Russians were content with a small, high-tech, primarily air war conducted with
limited forces on the ground. Coverage of the Syrian intervention helped shape
expectations for the “special military operation” in Ukraine as a swift victory
somewhere far away, a quick source of pride that required few societal
sacrifices or the involvement of nonprofessional soldiers. When the invasion
was not an immediate success, the distant successes in Syria became an
unpleasant contrast to the grim reality of the war in Ukraine. As the war
enters its third year, Putin has lost yet another Syrian success: his citizens’
confidence in Russia’s ability to swiftly win wars through technological
superiority.
Russia, Iran, and
many other countries criticize U.S. military interventions as arrogant,
ignorant of local context, and unable to fashion either stable regimes or
effective security structures. Russia, with its role as a counterweight to
Western-backed regimes in the Middle East, and Iran, a regional heavyweight,
might have been expected to understand local dynamics. But they failed to
foster economic growth in Syria and attract others to Assad’s cause. Investors
from Gulf countries, India, and China did not flock to Syria under Russian and
Iranian security guarantees. Now, as Russia turns to Erdogan for help in
evacuating its military and civilian personnel from Syria, it finds itself in
the very role in which it once portrayed the United States as playing: a
country distant from the region’s affairs and dynamics, pushed out by local
political players uninterested in the presence of outsiders.
Russia’s focus on the
war in Ukraine will help Putin, and Russians more broadly, ignore inconvenient
questions about Syria, such as what happened to the money and resources Russia
put into the country, or why the Russian security services, which now effectively
run the country, have been repeatedly caught off guard: by Ukraine's readiness
to resist, by Wagner leader Yevgeny Prigozhin’s
mutiny in June 2023, by this fall’s Ukrainian incursion into the Kursk
region, and now the rapid fall of the Assad regime. Russia’s partners
elsewhere, however, will ask these questions. It has become clear that Russia
is incapable of providing its allies with military support and economic
development as it wages war, and regimes that previously turned to Russia for
support will take notice. Russia is now promoting the narrative that it saved
Assad’s life and freedom, thus fulfilling its guarantee by sparing him the fate
of Muammar Qaddafi in Libya. But Moscow’s allies clearly expect much more from
an exporter of regime stability and security.
Rulers who hope for
Russia’s help may be unpleasantly surprised by how quickly it seeks to
establish contacts with Syria’s new leaders.
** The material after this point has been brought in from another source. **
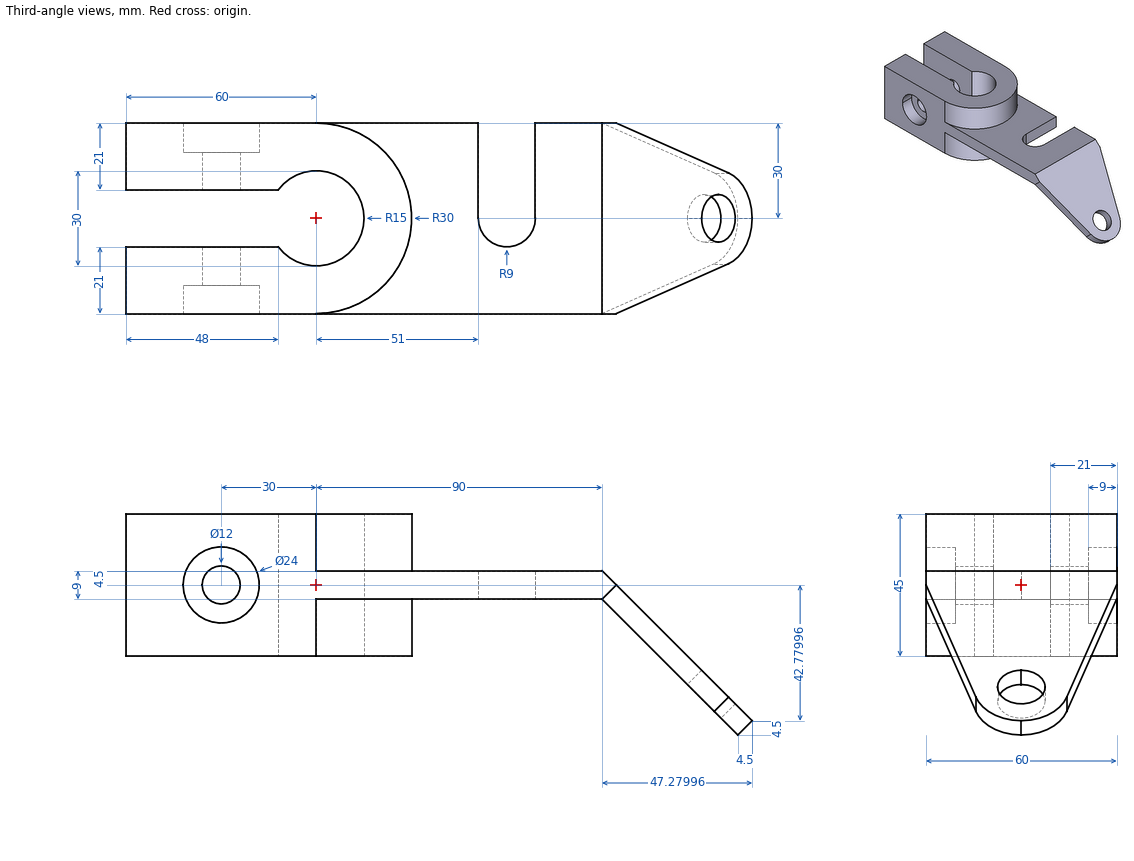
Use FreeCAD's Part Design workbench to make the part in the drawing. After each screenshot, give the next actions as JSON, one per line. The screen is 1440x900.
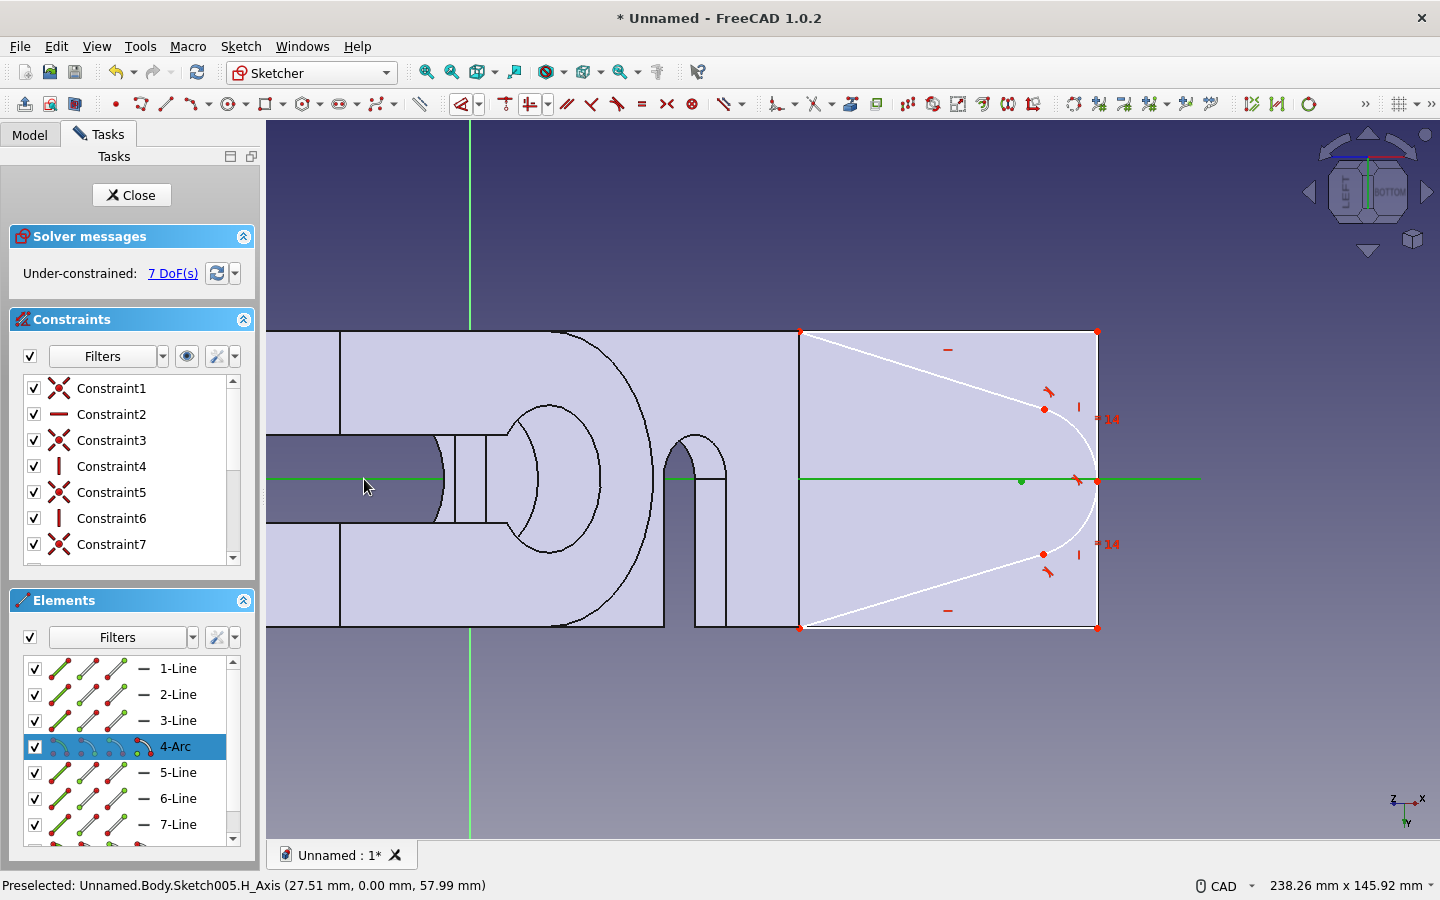
{"action": "left_click", "coordinate": [505, 104]}

Even before Assad's departure,
Russian television stopped calling Hayat Tahrir al-Sham a terrorist
organization. More recently, the head of the Chechen Republic, Ramzan Kadyrov,
clearly with Kremlin approval, has proposed removing the “terrorist” label from
Hayat Tahrir al-Sham and the government has allowed the Syrian embassy in
Moscow to raise the rebel flag. Now, Moscow is establishing direct contact with
the new Syrian government, trying to win its favor by emphasizing that, despite
previous attempts to prop up a secular leader against religious
fundamentalists, it sees itself as a global bastion of religious conservatism.
Putin has tried to
present Russia’s failure in Syria as a victory, claiming that Russia had
prevented the creation of a “terrorist enclave” in the country. But Assad’s
fall (and Russia’s indifference to the collapse of his regime) suggests that
concern for Syria or any other client state has been subjugated by Putin to his
overriding focus on dealing Ukraine a decisive defeat. At the same time,
Putin’s decision to prioritize Ukraine should not be confused with a complete
abandonment of Russian ambitions outside its immediate neighborhood. Rather,
the loss of Syria has simply raised the stakes of the war in Ukraine. In
Putin’s schema, Ukraine has become a tipping point in a global struggle between
the Western elite and a new, Russian-led order: once Ukraine falls, Russia
hopes to take Georgia and whatever other territory it desires, and to once
again sell itself as a strong patron to countries around the world. In the
meantime, however, Moscow’s promises will ring hollow.